---
title: About cache control headers
summary: null
url: >-
  https://www.fastly.com/documentation/guides/full-site-delivery/caching/about-cache-control-headers
---


You can use cache control headers in your origin's responses to set policies that determine the maximum amount of time that content may be cached by Fastly. Fastly looks for caching information in each of these headers as described in our documentation on [cache freshness](/guides/concepts/cache/cache-freshness) in order of preference:

1. `Surrogate-Control:`
1. `Cache-Control: s-maxage`
1. `Cache-Control: max-age`
1. `Expires:`

## Surrogate headers

Surrogate headers provide a specific cache policy for CDN caches like Fastly. `Surrogate-Control` accepts many of the same values as `Cache-Control`, plus some other more esoteric ones.

One use of this technique is to provide conservative cache interactions to the browser (for example, `Cache-Control: no-cache`). This causes the browser to re-validate with Fastly on every request for the content, ensuring users get the freshest possible content. Simultaneously, your origin can send a `Surrogate-Control` header with a longer `max-age` that lets Fastly handle most of the browser traffic, only passing requests to your origin when Fastly's cache expires.

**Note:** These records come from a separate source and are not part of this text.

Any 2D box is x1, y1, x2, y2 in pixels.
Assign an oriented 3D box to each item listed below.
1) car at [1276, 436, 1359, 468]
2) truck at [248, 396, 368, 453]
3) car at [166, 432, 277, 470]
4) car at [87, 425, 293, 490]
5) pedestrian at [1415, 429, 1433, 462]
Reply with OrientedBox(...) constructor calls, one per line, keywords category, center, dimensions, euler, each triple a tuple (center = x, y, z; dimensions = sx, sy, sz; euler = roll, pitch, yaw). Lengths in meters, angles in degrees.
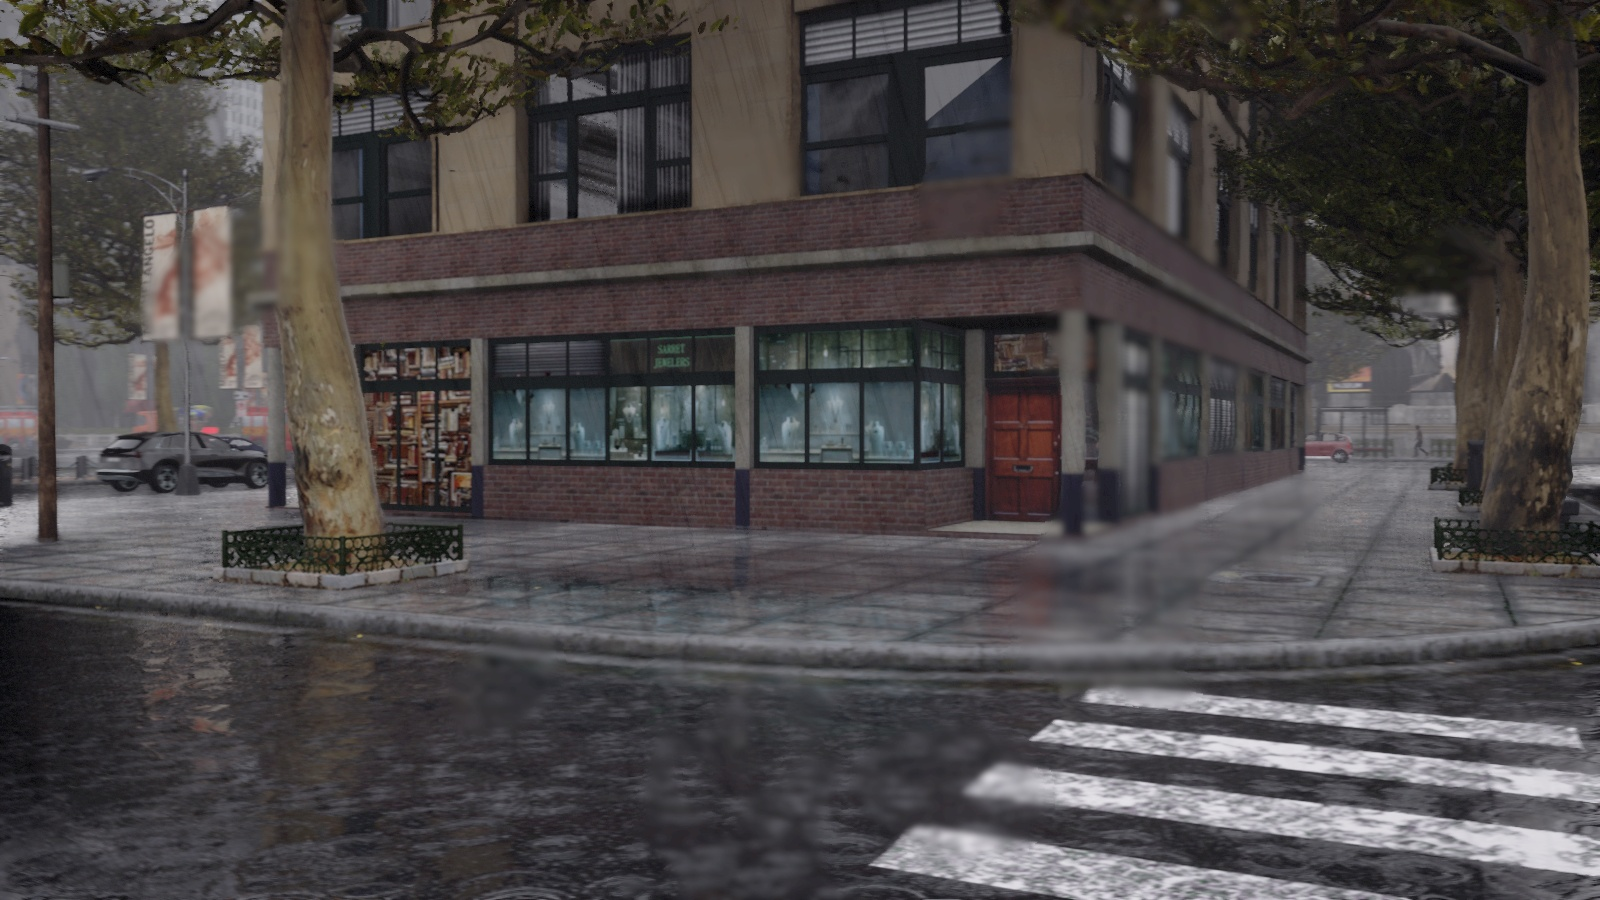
OrientedBox(category="car", center=(26.016, 0.081, 63.151), dimensions=(3.705, 1.549, 1.789), euler=(1, 1, 28))
OrientedBox(category="truck", center=(-34.006, -1.761, 86.710), dimensions=(8.468, 3.827, 2.891), euler=(1, 1, 27))
OrientedBox(category="car", center=(-22.997, 0.010, 50.109), dimensions=(1.812, 1.442, 4.674), euler=(0, 1, 7))
OrientedBox(category="car", center=(-16.747, 0.167, 34.759), dimensions=(2.033, 1.649, 4.856), euler=(1, 1, 27))
OrientedBox(category="pedestrian", center=(34.187, -0.270, 68.827), dimensions=(0.869, 1.805, 0.328), euler=(1, 1, 28))
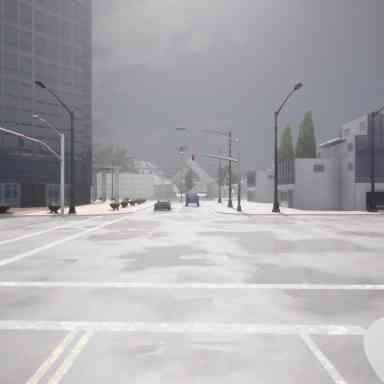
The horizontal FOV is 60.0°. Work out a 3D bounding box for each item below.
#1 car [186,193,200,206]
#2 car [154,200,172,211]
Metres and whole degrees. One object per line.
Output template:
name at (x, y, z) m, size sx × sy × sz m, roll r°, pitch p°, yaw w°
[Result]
car at (0.097, 1.221, 56.250) m, size 2.150 × 2.045 × 5.566 m, roll 0°, pitch 0°, yaw 1°
car at (-3.614, 1.601, 41.604) m, size 1.895 × 1.301 × 4.718 m, roll 0°, pitch 0°, yaw 0°
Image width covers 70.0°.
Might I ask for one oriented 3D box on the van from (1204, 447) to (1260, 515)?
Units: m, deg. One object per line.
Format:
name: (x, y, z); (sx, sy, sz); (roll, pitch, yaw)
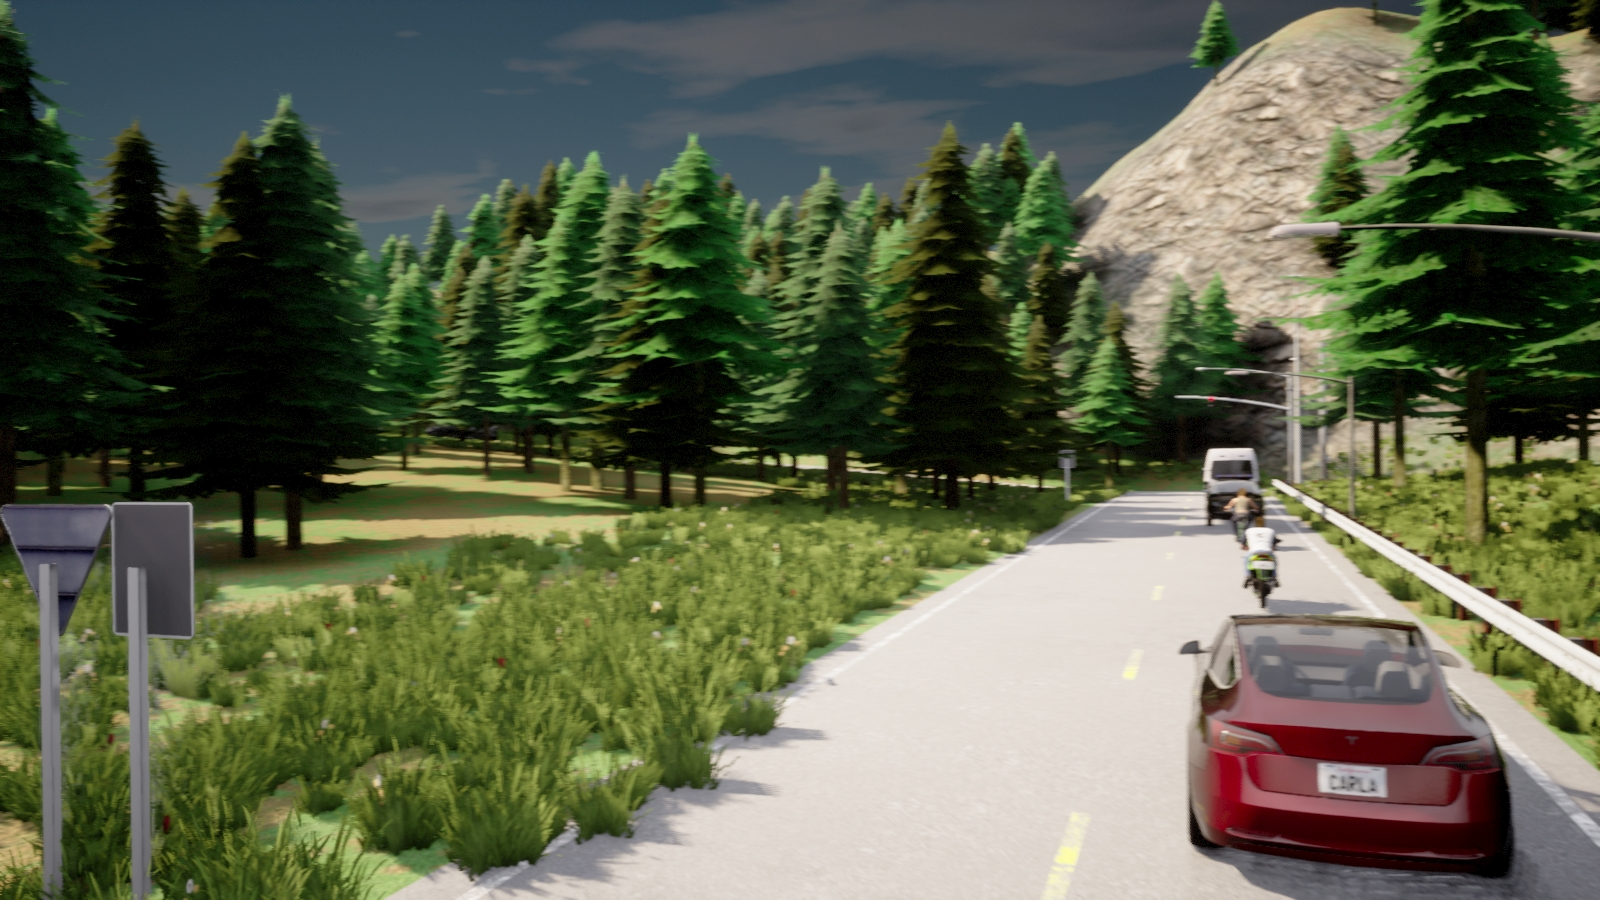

With Fastly, one of the most useful Surrogate headers is `Surrogate-Key`. When Fastly processes a request and sees a `Surrogate-Key` header in your origin's response, it uses the space-separated value as a list of tags to associate with the request URL in the cache. Combined with [Fastly's Purge API](/reference/api/purging/), an entire collection of URLs can be expired from the cache in one API call (and typically happens in around 1ms).

## `Cache-Control` directives

Only the following `Cache-Control` response directives, as defined by [section 5.2.2 of RFC 9111](https://www.rfc-editor.org/rfc/rfc9111.html#section-5.2.2), influence Fastly's caching:

* `Cache-Control: public` - Any cache can store a copy of the content. You don't need to add the `public` directive to a response as most content is cacheable by default.
* `Cache-Control: private` - Don't store. This is intended for user-specific content.
* `Cache-Control: max-age=[seconds]` - Caches can store this content for *n* seconds.
* `Cache-Control: s-maxage=[seconds]` - Same as max-age but applies specifically to CDN caches like Fastly.

All other `Cache-Control` directives are ignored and will __not__ influence Fastly's caching, but will be passed through to the browser. Directives ignored by Fastly include, but are not limited to, `Cache-Control: no-cache`, `Cache-Control: no-store`, and `Cache-Control: must-revalidate`. 

For more in-depth information about how Fastly responds to cache control headers and how these headers interact with `Expires` and `Surrogate-Control`, check out our documentation on [HTTP caching semantics](/guides/concepts/cache/cache-freshness).

## `Authorization` header

Requests with an `Authorization` header are considered cacheable by default. To prevent requests with an `Authorization` header from receiving a cached response, refer to the documentation on [HTTP caching semantics](/guides/concepts/cache/cache-freshness/#divergences-from-rfc-9111).

## `Expires` header

The `Expires` header tells caches how long to store a piece of content. The downside is that it's a static date, and if your origin doesn't update it, the date will pass and browsers will start requesting that resource from Fastly every time.

Fastly will respect the `Expires` header value only if your origin doesn't send `Surrogate-Control` or `Cache-Control` headers in the response.